4th Commander of the People's Liberation Army Navy
- In office January 1988 – November 1996
- Political Commissars: Li Yaowen, Wei Jinshan, Zhou Kunren
- Preceded by: Liu Huaqing
- Succeeded by: Shi Yunsheng

Personal details
- Born: 23 June 1931 (age 94) Jiaozhou, Shandong, China
- Party: Chinese Communist Party
- Alma mater: PLAN Submarine Academy PLA National Defence University

Military service
- Allegiance: China
- Branch/service: People's Liberation Army Navy
- Years of service: 1947–1996
- Rank: Admiral
- Battles/wars: Chinese Civil War

= Zhang Lianzhong =

Chinese admiral

Zhang Lianzhong (张连忠; born 23 June 1931) is a retired submariner and admiral of the Chinese People's Liberation Army Navy (PLAN). An army veteran of the Chinese Civil War, he trained to become a submariner in the 1960s and commanded China's first submarine mission to sail past the first island chain into the Pacific Ocean in 1976. He served as commander of the Lüshun Naval Base from 1983 to 1985 and as commander of the PLA Navy from 1988 to 1996.

== Early life and army career ==
Zhang was born on 23 June 1931 in Xiaogao Village, Jiaozhou, Shandong, Republic of China. He enlisted in the People's Liberation Army in March 1947 and fought in major battles of the Chinese Civil War, including the Battle of Jiaodong, the Battle of Jinan, the Huaihai campaign, the Yangtze River Crossing Campaign, the Shanghai Campaign, and the Battle of Zhangzhou–Xiamen.

After the founding of the People's Republic of China in 1949, Zhang served in the 31st Group Army as a platoon and company commander. Following two years of study at the Advanced Infantry School from 1956 to 1958, he served as a battalion chief of staff in the Fuzhou Military Region.

== Career in the Navy ==
In August 1960, Zhang entered the PLA Navy Submarine Academy in Qingdao. Upon graduation in 1965, he served as a submarine captain and later commander of a submarine detachment. In 1976, China for the first time sent a submarine (No. 252) to sail past the first island chain into the Pacific Ocean, for a total journey of 3,300 nautical miles. Zhang served as the commander of the mission.

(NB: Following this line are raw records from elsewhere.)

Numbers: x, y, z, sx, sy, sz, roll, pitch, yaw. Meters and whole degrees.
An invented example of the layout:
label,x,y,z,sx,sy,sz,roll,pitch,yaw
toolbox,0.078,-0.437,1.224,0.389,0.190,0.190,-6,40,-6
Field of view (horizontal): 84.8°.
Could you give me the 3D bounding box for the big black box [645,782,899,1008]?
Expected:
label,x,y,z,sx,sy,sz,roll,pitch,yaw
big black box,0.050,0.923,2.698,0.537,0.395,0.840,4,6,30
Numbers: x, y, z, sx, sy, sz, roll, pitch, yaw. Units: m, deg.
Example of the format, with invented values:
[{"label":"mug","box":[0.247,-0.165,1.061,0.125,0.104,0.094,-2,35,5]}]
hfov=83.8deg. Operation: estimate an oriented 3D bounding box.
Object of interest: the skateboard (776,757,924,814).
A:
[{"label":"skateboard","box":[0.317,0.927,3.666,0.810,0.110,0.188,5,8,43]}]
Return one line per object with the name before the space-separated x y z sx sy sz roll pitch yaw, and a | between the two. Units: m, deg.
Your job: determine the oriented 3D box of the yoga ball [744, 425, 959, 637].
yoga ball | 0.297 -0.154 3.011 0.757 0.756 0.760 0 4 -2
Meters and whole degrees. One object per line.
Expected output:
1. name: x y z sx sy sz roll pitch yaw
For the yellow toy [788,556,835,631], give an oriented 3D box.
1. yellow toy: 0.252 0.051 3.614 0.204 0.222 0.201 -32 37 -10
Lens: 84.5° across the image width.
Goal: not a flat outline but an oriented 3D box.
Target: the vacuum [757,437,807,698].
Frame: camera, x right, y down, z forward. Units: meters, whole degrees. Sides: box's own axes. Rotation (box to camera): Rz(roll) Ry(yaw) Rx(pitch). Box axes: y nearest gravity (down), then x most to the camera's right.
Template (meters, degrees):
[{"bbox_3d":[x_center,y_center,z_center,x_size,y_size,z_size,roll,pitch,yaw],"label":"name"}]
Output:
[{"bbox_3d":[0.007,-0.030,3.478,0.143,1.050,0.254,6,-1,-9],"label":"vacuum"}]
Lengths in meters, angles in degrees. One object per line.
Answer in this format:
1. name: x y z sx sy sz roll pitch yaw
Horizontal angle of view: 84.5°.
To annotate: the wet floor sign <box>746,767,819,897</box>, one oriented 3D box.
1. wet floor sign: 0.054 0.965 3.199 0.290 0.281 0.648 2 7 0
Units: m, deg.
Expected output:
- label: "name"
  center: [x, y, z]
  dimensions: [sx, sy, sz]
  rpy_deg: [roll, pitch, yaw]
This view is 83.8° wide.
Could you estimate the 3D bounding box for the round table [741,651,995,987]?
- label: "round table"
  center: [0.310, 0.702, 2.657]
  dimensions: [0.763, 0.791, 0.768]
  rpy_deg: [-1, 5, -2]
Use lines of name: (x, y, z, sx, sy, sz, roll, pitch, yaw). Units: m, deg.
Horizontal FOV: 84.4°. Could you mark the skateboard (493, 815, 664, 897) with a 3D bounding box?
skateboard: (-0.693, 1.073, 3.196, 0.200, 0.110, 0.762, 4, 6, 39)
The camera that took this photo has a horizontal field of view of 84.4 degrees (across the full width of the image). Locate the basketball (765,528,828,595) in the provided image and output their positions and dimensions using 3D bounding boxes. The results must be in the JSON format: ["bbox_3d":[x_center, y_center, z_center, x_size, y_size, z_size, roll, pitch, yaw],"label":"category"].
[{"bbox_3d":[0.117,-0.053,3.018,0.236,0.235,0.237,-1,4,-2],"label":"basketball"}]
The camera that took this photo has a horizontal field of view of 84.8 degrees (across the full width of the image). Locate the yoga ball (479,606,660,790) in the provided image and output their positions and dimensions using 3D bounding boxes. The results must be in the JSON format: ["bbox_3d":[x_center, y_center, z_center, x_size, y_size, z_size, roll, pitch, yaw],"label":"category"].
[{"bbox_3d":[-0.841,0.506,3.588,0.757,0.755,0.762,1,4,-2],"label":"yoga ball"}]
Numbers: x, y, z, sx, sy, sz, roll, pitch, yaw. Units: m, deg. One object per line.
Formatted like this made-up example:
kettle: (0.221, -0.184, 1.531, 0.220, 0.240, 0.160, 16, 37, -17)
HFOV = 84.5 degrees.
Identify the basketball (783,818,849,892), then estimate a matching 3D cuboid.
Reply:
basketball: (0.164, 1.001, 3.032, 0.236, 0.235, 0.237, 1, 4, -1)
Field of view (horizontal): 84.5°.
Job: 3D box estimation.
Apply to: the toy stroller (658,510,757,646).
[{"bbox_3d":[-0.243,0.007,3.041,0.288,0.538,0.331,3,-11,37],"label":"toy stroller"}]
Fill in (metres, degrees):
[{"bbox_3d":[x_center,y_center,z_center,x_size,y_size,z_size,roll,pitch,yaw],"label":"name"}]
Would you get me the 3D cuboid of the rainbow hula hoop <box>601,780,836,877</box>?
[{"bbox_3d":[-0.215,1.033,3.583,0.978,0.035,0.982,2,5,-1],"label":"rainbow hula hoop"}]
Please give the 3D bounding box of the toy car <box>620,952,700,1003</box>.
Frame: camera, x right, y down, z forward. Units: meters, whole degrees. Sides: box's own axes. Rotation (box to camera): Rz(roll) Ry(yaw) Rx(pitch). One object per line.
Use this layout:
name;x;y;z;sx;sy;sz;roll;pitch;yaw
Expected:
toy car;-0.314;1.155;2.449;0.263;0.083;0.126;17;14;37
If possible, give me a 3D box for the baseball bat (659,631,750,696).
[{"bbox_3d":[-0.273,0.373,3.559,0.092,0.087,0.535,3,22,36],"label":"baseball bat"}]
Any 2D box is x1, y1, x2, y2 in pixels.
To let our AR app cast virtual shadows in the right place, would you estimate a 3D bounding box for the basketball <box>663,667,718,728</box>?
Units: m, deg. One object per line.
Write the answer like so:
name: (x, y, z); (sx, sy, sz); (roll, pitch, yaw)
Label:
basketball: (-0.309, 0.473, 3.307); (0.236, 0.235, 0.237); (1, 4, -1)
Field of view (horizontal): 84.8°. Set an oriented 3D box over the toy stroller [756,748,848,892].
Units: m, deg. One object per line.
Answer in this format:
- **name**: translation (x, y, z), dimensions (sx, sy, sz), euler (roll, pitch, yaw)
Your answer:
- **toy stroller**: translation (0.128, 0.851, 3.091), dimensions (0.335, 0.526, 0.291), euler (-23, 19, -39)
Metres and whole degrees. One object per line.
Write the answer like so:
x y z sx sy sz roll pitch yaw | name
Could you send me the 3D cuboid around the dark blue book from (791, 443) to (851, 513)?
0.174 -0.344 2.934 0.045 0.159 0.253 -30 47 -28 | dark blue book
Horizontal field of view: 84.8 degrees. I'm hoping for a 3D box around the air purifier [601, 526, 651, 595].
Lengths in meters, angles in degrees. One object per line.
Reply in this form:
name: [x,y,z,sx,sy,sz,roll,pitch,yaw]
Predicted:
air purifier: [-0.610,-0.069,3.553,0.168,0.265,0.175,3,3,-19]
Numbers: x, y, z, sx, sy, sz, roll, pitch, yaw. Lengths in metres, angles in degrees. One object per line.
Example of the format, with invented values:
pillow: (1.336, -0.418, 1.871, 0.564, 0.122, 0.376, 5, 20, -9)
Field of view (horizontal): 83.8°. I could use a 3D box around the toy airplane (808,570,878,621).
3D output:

From 1979 to 1980, Zhang studied at the PLA Military Academy (now PLA National Defence University), and subsequently served as deputy chief of staff of the North Sea Fleet and commander of the Lüshun Naval Base. In September 1983, Zhang received North Korean President Kim Il Sung on the latter's visit of the Lüshun Base, who was accompanied by General Secretary Hu Yaobang.

===Commander of the Navy ===
In early 1985, Zhang was promoted to deputy commander of the PLA Navy, in charge of logistics and equipment. He was elected an alternate member of the 13th Central Committee of the Chinese Communist Party in November 1987. Although the most junior among the navy's deputy commanders, Zhang was chosen by Deng Xiaoping and Liu Huaqing to succeed Liu as the 4th Commander of the PLA Navy in January 1988. He was the first commander of the navy to have served at sea, whereas his predecessors were all veteran revolutionaries of the Long March era. He attained the rank of vice admiral in September 1988 and admiral in May 1993. He was elected a full member of the 14th Central Committee of the Chinese Communist Party in 1992.

Zhang put a strong emphasis on maritime defence. In an interview in 1988, he said that "We will never forget that China was invaded several times by imperialist troops from the sea. The nation's suffering from lack of sea defence still remains fresh in our mind; and the history should not repeat itself." He served for more than eight years as the PLAN commander until November 1996, when he was succeeded by naval aviator Shi Yunsheng. According to James R. Lilley and David Shambaugh, Zhang was "respected" in the navy.